THE Department of Finance (DoF) has, indeed, done an admirable job of managing economic policy as it pointed out its recent success in controlling inflation, which just a few months ago was running at historically high levels.

But the references made by the DoF to comparative policy actions by previous administrations from more than a decade ago seem curiously diffident, and perhaps unnecessarily confusing to the average consumer.

On Monday, Finance Undersecretary Gil Beltran reported that the current administration needed only 11 months to reduce inflation to below 4 percent, faster than the two previous administrations.

Beltran explained that since 2004, inflation has risen above the 4 percent level four times, twice during the term of former president Gloria Macapagal Arroyo and once during the term of Benigno Aquino 3rd. It took the Arroyo administration 31 months to reduce inflation from 4.1 percent in June 2004 to 3.8 percent in January 2007, and 17 months to lower inflation from 4.6 percent in January 2008 to 3.2 percent in 2009. The Aquino administration needed 13 months to reduce inflation from 4.0 percent to 3.0 percent between January 2011 and February 2012.

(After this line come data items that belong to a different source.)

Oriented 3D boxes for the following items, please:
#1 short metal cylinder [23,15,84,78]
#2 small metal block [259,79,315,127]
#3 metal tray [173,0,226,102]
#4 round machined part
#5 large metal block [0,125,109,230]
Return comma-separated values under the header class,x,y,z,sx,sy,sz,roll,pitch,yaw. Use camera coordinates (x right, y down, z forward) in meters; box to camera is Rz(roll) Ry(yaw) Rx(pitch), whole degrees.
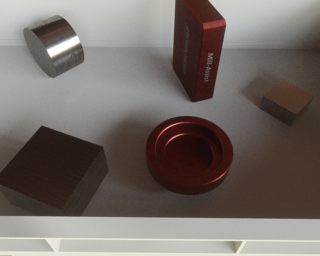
class,x,y,z,sx,sy,sz,roll,pitch,yaw
short metal cylinder,-0.161,-0.123,0.471,0.050,0.080,0.080,-37,59,-27
small metal block,0.179,-0.037,0.438,0.050,0.025,0.050,37,59,26
metal tray,0.049,-0.111,0.431,0.030,0.129,0.090,-15,52,-12
round machined part,0.033,0.035,0.365,0.099,0.042,0.098,0,50,0
large metal block,-0.115,0.053,0.343,0.080,0.050,0.080,18,52,14

The DoF’s report highlighted the present administration’s efforts to reduce retail food prices, which make up a large part of the price “basket” that is used to calculate inflation rates. Under the Duterte administration, importation of some agricultural products has been liberalized, the Agriculture and Trade departments have implemented measures to better monitor and reduce gaps between retail and farmgate prices, and various agencies have been directed to streamline regulations to help make transport and distribution of farm and fishery products more efficient.

What the DoF’s self-congratulations leave out, however, is the rather remarkable fact that it has done much better than simply reducing inflation to “less than 4 percent in 11 months.” It actually took only six months to reduce inflation from a 10-year high of 6.7 percent in September and October of last year to less than half that — 3.0 percent — in April. Inflation did tick upward slightly in May to 3.2 percent, but remains comfortably within the government’s 2.0 to 4.0 percent target range.

So, not only is it a more impressive statistic, it is a great deal more relevant, if the intention of the DoF is to reassure the Filipino people that the present administration has the economy under firm control.

Inflation is the product of many economic factors that the government has little to no direct control over, and the effectiveness of its response to those factors depends on what they are. The two previous administrations faced different economic circumstances than the current one has, which makes comparisons rather pointless.

In 2008-2009, for example, the Arroyo administration was contending with the effects of the global financial crisis; slowing economic growth probably had more to do with lowering inflation than any direct measures carried out by policymakers at that time. Likewise, the Aquino administration was beset by historically high oil prices of more than $100 a barrel for most of 2011 and 2012.

What matters is not what previous administrations did in different circumstances, but what the current administration is doing now under the conditions the country presently faces. Helping the public to understand those conditions and how the country’s current leaders are positively responding to them is a much clearer and more useful message.